Description of the task: Pick every line with "Noise" from the material below.

Segment Start: The input

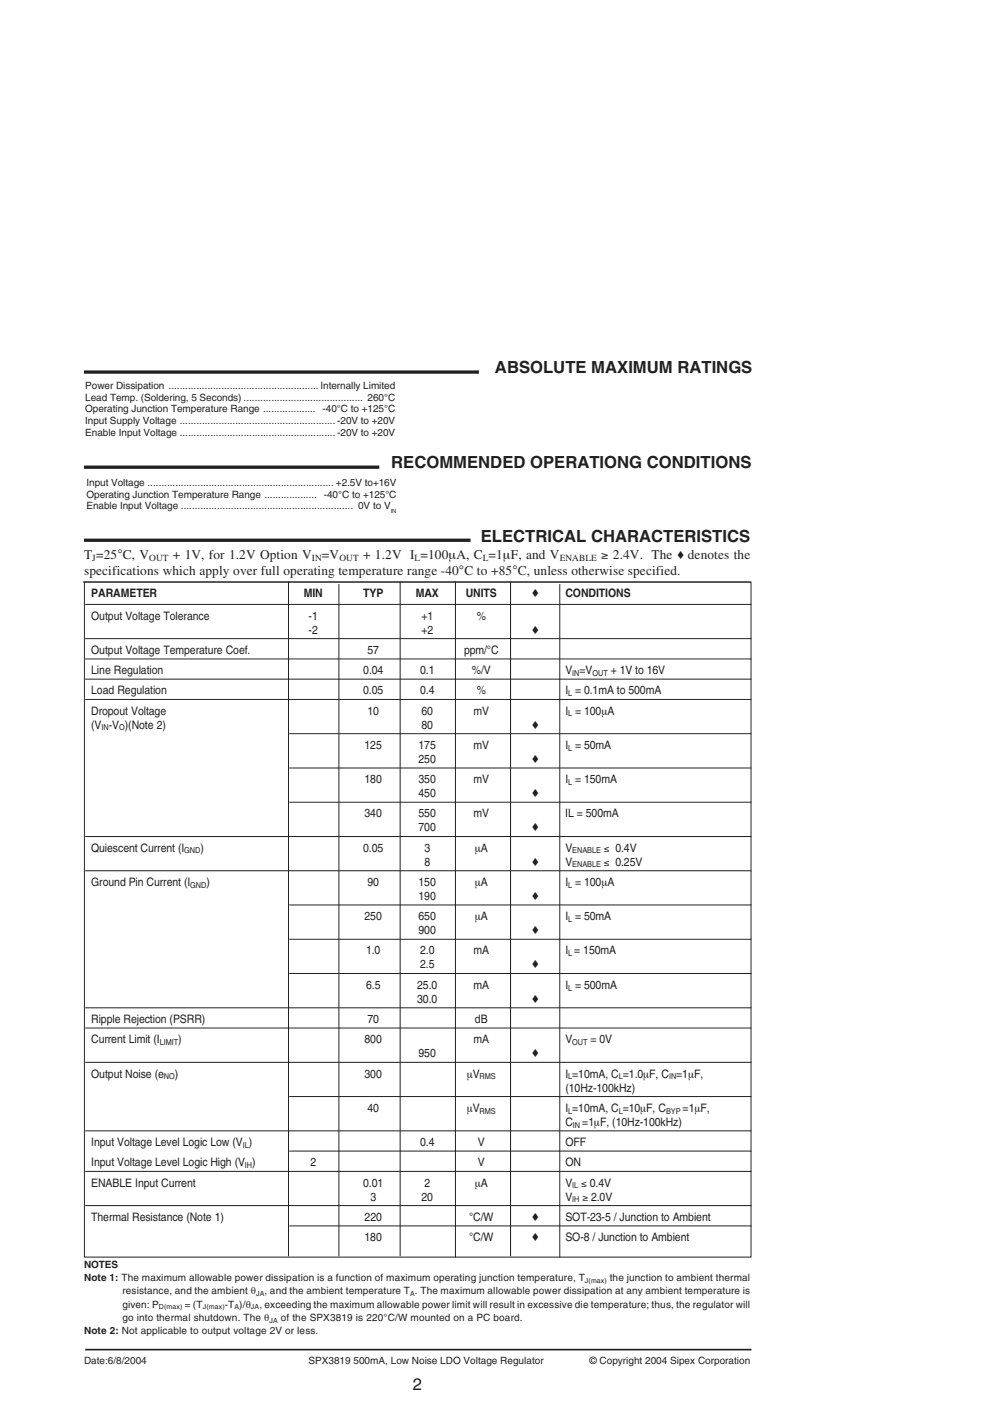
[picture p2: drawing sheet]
<svg xmlns="http://www.w3.org/2000/svg" width="210mm" height="297mm" viewBox="0 0 210 297" stroke-linecap="round" stroke-linejoin="round" font-family="sans-serif">
<defs><g id="words">
<g font-size="3.5" fill="#231f20">
<text x="104.7" y="78.9">ABSOLUTE MAXIMUM RATINGS</text>
<text x="82.8" y="99">RECOMMENDED OPERATIONG CONDITIONS</text>
<text x="101.7" y="114.6">ELECTRICAL CHARACTERISTICS</text>
<text x="87.3" y="294">2</text>
</g>
<g font-size="2.8" fill="#231f20">
<text x="17.8" y="118.3">T =25°C, V</text>
<text x="36.6" y="118.3">+ 1V, for 1.2V Option V</text>
<text x="68.1" y="118.3">=V</text>
<text x="76.8" y="118.3">+ 1.2V I =100µA, C =1µF, and V</text>
<text x="127.2" y="118.3">≥ 2.4V. The</text>
<text x="145.5" y="118.3">denotes the</text>
<text x="17.8" y="121.7">specifications which apply over full operating temperature range -40°C to +85°C, unless otherwise specified.</text>
</g>
<g font-size="2.5" fill="#231f20">
<text x="143.2" y="118.3">♦</text>
<text x="19.3" y="126.4">PARAMETER</text>
<text x="19.3" y="131.1">Output Voltage Tolerance</text>
<text x="64.3" y="126.4">MIN</text>
<text x="65.3" y="131.1">-1</text>
<text x="76.8" y="126.4">TYP</text>
<text x="88" y="126.4">MAX</text>
<text x="89.2" y="131.1">+1</text>
<text x="98.5" y="126.4">UNITS</text>
<text x="100.9" y="131.1">%</text>
<text x="112.4" y="126.4">♦</text>
<text x="119.6" y="126.4">CONDITIONS</text>
<text x="65.3" y="134">-2</text>
<text x="89.2" y="134">+2</text>
<text x="112.4" y="134">♦</text>
<text x="19.3" y="138.3">Output Voltage Temperature Coef.</text>
<text x="19.3" y="142.6">Line Regulation</text>
<text x="76.9" y="142.6">0.04</text>
<text x="77.8" y="138.3">57</text>
<text x="88.9" y="142.6">0.1</text>
<text x="98.2" y="138.3">ppm/°C</text>
<text x="99.8" y="142.6">%/V</text>
<text x="119.6" y="142.6">V =V</text>
<text x="129.2" y="142.6">+ 1V to 16V</text>
<text x="19.3" y="146.9">Load Regulation</text>
<text x="76.9" y="146.9">0.05</text>
<text x="88.9" y="146.9">0.4</text>
<text x="100.9" y="146.9">%</text>
<text x="119.6" y="146.9">I = 0.1mA to 500mA</text>
<text x="19.3" y="154.1">(V -V )(Note 2)</text>
<text x="19.3" y="151.2">Dropout Voltage</text>
<text x="77.7" y="151.2">10</text>
<text x="89.2" y="151.2">60</text>
<text x="89.2" y="154.1">80</text>
<text x="100.2" y="151.2">mV</text>
<text x="112.4" y="154.1">♦</text>
<text x="119.6" y="151.2">I = 100µA</text>
<text x="77.1" y="158.4">125</text>
<text x="88.6" y="158.4">175</text>
<text x="88.6" y="161.4">250</text>
<text x="100.2" y="158.4">mV</text>
<text x="112.4" y="161.4">♦</text>
<text x="119.6" y="158.4">I = 50mA</text>
<text x="77.1" y="165.7">180</text>
<text x="88.6" y="165.7">350</text>
<text x="100.2" y="165.7">mV</text>
<text x="119.6" y="165.7">I = 150mA</text>
<text x="77.1" y="172.9">340</text>
<text x="88.6" y="172.9">550</text>
<text x="88.6" y="168.6">450</text>
<text x="100.2" y="172.9">mV</text>
<text x="112.4" y="168.6">♦</text>
<text x="119.6" y="172.9">IL = 500mA</text>
<text x="88.6" y="175.9">700</text>
<text x="112.4" y="175.9">♦</text>
<text x="19.3" y="180.2">Quiescent Current (I</text>
<text x="42.4" y="180.2">)</text>
<text x="76.8" y="180.2">0.05</text>
<text x="89.8" y="183.1">8</text>
<text x="89.8" y="180.2">3</text>
<text x="100.5" y="180.2">µA</text>
<text x="112.4" y="183.1">♦</text>
<text x="119.6" y="180.2">V</text>
<text x="119.6" y="183.1">V</text>
<text x="127.8" y="180.2">≤ 0.4V</text>
<text x="127.8" y="183.1">≤ 0.25V</text>
<text x="19.3" y="187.4">Ground Pin Current (I</text>
<text x="43.7" y="187.4">)</text>
<text x="77.7" y="187.4">90</text>
<text x="88.6" y="187.4">150</text>
<text x="88.6" y="190.4">190</text>
<text x="100.5" y="187.4">µA</text>
<text x="112.4" y="190.4">♦</text>
<text x="119.6" y="187.4">I = 100µA</text>
<text x="77.1" y="194.7">250</text>
<text x="88.6" y="197.6">900</text>
<text x="88.6" y="194.7">650</text>
<text x="100.5" y="194.7">µA</text>
<text x="112.4" y="197.6">♦</text>
<text x="119.6" y="194.7">I = 50mA</text>
<text x="77.4" y="201.9">1.0</text>
<text x="88.9" y="201.9">2.0</text>
<text x="100.2" y="201.9">mA</text>
<text x="119.6" y="201.9">I = 150mA</text>
<text x="77.4" y="209.2">6.5</text>
<text x="88.3" y="209.2">25.0</text>
<text x="88.9" y="204.9">2.5</text>
<text x="100.2" y="209.2">mA</text>
<text x="112.4" y="204.9">♦</text>
<text x="119.6" y="209.2">I = 500mA</text>
<text x="88.3" y="212.1">30.0</text>
<text x="112.4" y="212.1">♦</text>
<text x="19.3" y="216.4">Ripple Rejection (PSRR)</text>
<text x="19.3" y="220.7">Current Limit (I</text>
<text x="37.7" y="220.7">)</text>
<text x="77.1" y="220.7">800</text>
<text x="77.7" y="216.4">70</text>
<text x="100.2" y="220.7">mA</text>
<text x="100.5" y="216.4">dB</text>
<text x="119.6" y="220.7">V</text>
<text x="124.9" y="220.7">= 0V</text>
<text x="19.3" y="228">Output Noise (e</text>
<text x="37" y="228">)</text>
<text x="77.1" y="228">300</text>
<text x="88.6" y="223.7">950</text>
<text x="98.8" y="228">µV</text>
<text x="112.4" y="223.7">♦</text>
<text x="119.6" y="228">I =10mA, C =1.0µF, C =1µF,</text>
<text x="119.6" y="230.9">(10Hz-100kHz)</text>
<text x="77.7" y="235.2">40</text>
<text x="98.8" y="235.2">µV</text>
<text x="119.6" y="235.2">I =10mA, C =10µF, C</text>
<text x="119.6" y="238.2">C</text>
<text x="123.2" y="238.2">=1µF, (10Hz-100kHz)</text>
<text x="144.4" y="235.2">=1µF,</text>
<text x="19.3" y="242.5">Input Voltage Level Logic Low (V )</text>
<text x="88.9" y="242.5">0.4</text>
<text x="101.1" y="242.5">V</text>
<text x="119.6" y="242.5">OFF</text>
<text x="19.3" y="246.7">Input Voltage Level Logic High (V )</text>
<text x="19.3" y="251">ENABLE Input Current</text>
<text x="65.7" y="246.7">2</text>
<text x="76.8" y="251">0.01</text>
<text x="89.8" y="251">2</text>
<text x="100.5" y="251">µA</text>
<text x="101.1" y="246.7">V</text>
<text x="119.6" y="251">V</text>
<text x="119.6" y="246.7">ON</text>
<text x="123" y="251">≤ 0.4V</text>
<text x="78.4" y="254">3</text>
<text x="89.2" y="254">20</text>
<text x="119.6" y="254">V</text>
<text x="123.3" y="254">≥ 2.0V</text>
<text x="19.3" y="258.3">Thermal Resistance (Note 1)</text>
<text x="77.1" y="262.6">180</text>
<text x="77.1" y="258.3">220</text>
<text x="99.3" y="258.3">°C/W</text>
<text x="99.3" y="262.6">°C/W</text>
<text x="112.4" y="258.3">♦</text>
<text x="112.4" y="262.6">♦</text>
<text x="119.6" y="258.3">SOT-23-5 / Junction to Ambient</text>
<text x="119.6" y="262.6">SO-8 / Junction to Ambient</text>
</g>
<g font-size="2.1" fill="#231f20">
<text x="18" y="82.3">Power Dissipation ...................................................... Internally Limited</text>
<text x="18" y="89.7">Input Supply Voltage ........................................................ -20V to +20V</text>
<text x="18" y="84.7">Lead Temp. (Soldering, 5 Seconds) ........................................... 260°C</text>
<text x="18" y="87.2">Operating Junction Temperature Range ................... -40°C to +125°C</text>
<text x="18" y="92.1">Enable Input Voltage ........................................................ -20V to +20V</text>
<text x="18.3" y="102.8">Input Voltage ................................................................... +2.5V to+16V</text>
<text x="18.3" y="105.3">Operating Junction Temperature Range ................... -40°C to +125°C</text>
<text x="18.3" y="107.7">Enable Input Voltage .............................................................. 0V to V</text>
<text x="17.8" y="268.2">NOTES</text>
<text x="17.8" y="271">Note 1: The maximum allowable power dissipation is a function of maximum operating junction temperature, T</text>
<text x="25.9" y="273.8">resistance, and the ambient θ</text>
<text x="56" y="273.8">, and the ambient temperature T . The maximum allowable power dissipation at any ambient temperature is</text>
<text x="129" y="271">the junction to ambient thermal</text>
<text x="25.9" y="276.7">given: P</text>
<text x="25.9" y="279.5">go into thermal shutdown. The θ</text>
<text x="39.1" y="276.7">= (T</text>
<text x="47.6" y="276.7">-T )/θ</text>
<text x="54.9" y="276.7">, exceeding the maximum allowable power limit will result in excessive die temperature; thus, the regulator will</text>
<text x="59.4" y="279.5">of the SPX3819 is 220°C/W mounted on a PC board.</text>
<text x="17.8" y="282.3">Note 2: Not applicable to output voltage 2V or less.</text>
<text x="17.8" y="288.7">Date:6/8/2004</text>
<text x="65.3" y="288.7">SPX3819 500mA, Low Noise LDO Voltage Regulator</text>
<text x="124.7" y="288.7">© Copyright 2004 Sipex Corporation</text>
</g>
<g font-size="2" fill="#231f20">
<text x="19.5" y="118.7">J</text>
<text x="31.6" y="118.7">OUT</text>
<text x="66" y="118.7">IN</text>
<text x="71.8" y="118.7">OUT</text>
<text x="87.7" y="118.7">L</text>
<text x="102.2" y="118.7">L</text>
<text x="118.4" y="118.7">ENABLE</text>
</g>
<g font-size="1.7" fill="#231f20">
<text x="121.1" y="143">IN</text>
<text x="125.4" y="143">OUT</text>
<text x="120.2" y="147.3">L</text>
<text x="21.5" y="154.5">IN</text>
<text x="25.2" y="154.5">O</text>
<text x="120.2" y="151.6">L</text>
<text x="120.2" y="158.8">L</text>
<text x="120.2" y="166.1">L</text>
<text x="39" y="180.6">GND</text>
<text x="121.1" y="180.6">ENABLE</text>
<text x="121.1" y="183.5">ENABLE</text>
<text x="40.3" y="187.8">GND</text>
<text x="120.2" y="187.8">L</text>
<text x="120.2" y="195.1">L</text>
<text x="120.2" y="202.3">L</text>
<text x="120.2" y="209.6">L</text>
<text x="33.8" y="221.1">LIMIT</text>
<text x="121.1" y="221.1">OUT</text>
<text x="34.7" y="228.3">NO</text>
<text x="101.5" y="228.3">RMS</text>
<text x="120.2" y="228.3">L</text>
<text x="130.9" y="228.3">L</text>
<text x="141.6" y="228.3">IN</text>
<text x="101.5" y="235.6">RMS</text>
<text x="120.2" y="235.6">L</text>
<text x="121.2" y="238.6">IN</text>
<text x="130.9" y="235.6">L</text>
<text x="140.9" y="235.6">BYP</text>
<text x="51.4" y="242.8">IL</text>
<text x="51.8" y="247.1">IH</text>
<text x="121.1" y="251.4">IL</text>
<text x="121.1" y="254.4">IH</text>
</g>
<g font-size="1.5" fill="#231f20">
<text x="54.2" y="274.2">JA</text>
<text x="86.8" y="274.2">A</text>
<text x="123.8" y="271.3">J(max)</text>
<text x="33.6" y="277">D(max)</text>
<text x="42.9" y="277">J(max)</text>
<text x="49.6" y="277">A</text>
<text x="53.1" y="277">JA</text>
<text x="57" y="279.8">JA</text>
</g>
<text font-size="1.2" fill="#231f20" x="82.7" y="108.4">IN</text>
</g></defs>
<path d="M18 285.5h141" fill="none" stroke="#231f20" stroke-width=".36"/>
<g fill="none" stroke="#231f20" stroke-width=".21">
<path d="M17.5 123.1h141.2M17.9 123.1h141v142.9h-141zM18 127.9h141M18 135.1h141M18 139.4h141M61 123v142.8M71.7 123.6v142.2M84.7 123v142.8M96.4 123v143.1M108 123v142.8M118.4 123.6v142.5M18 143.7h141"/>
<path d="M18 148h141M61.2 155.2h97.8M18 177h141M61.2 162.5h97.8M61.2 169.7h97.8M18 184.2h141M61.2 191.5h97.8M61.2 198.7h97.8M18 213.2h141M18 217.5h141M61.2 206h97.8M18 224.8h141"/>
<path d="M18 239.3h141M61.2 232h97.8M18 247.8h141M18 255.1h141M61.2 243.5h97.8M61.2 259.4h97.8"/>
</g>
<path d="M17.8 78.7h83.5M17.8 98.8h62.5M17.8 114.3h81.8" fill="none" stroke="#231f20" stroke-width=".7" stroke-linecap="butt"/>
<use href="#words"/>
</svg>

Segment End: The input

Task response:
<text x="19.3" y="228">Output Noise (e</text>
<text x="65.3" y="288.7">SPX3819 500mA, Low Noise LDO Voltage Regulator</text>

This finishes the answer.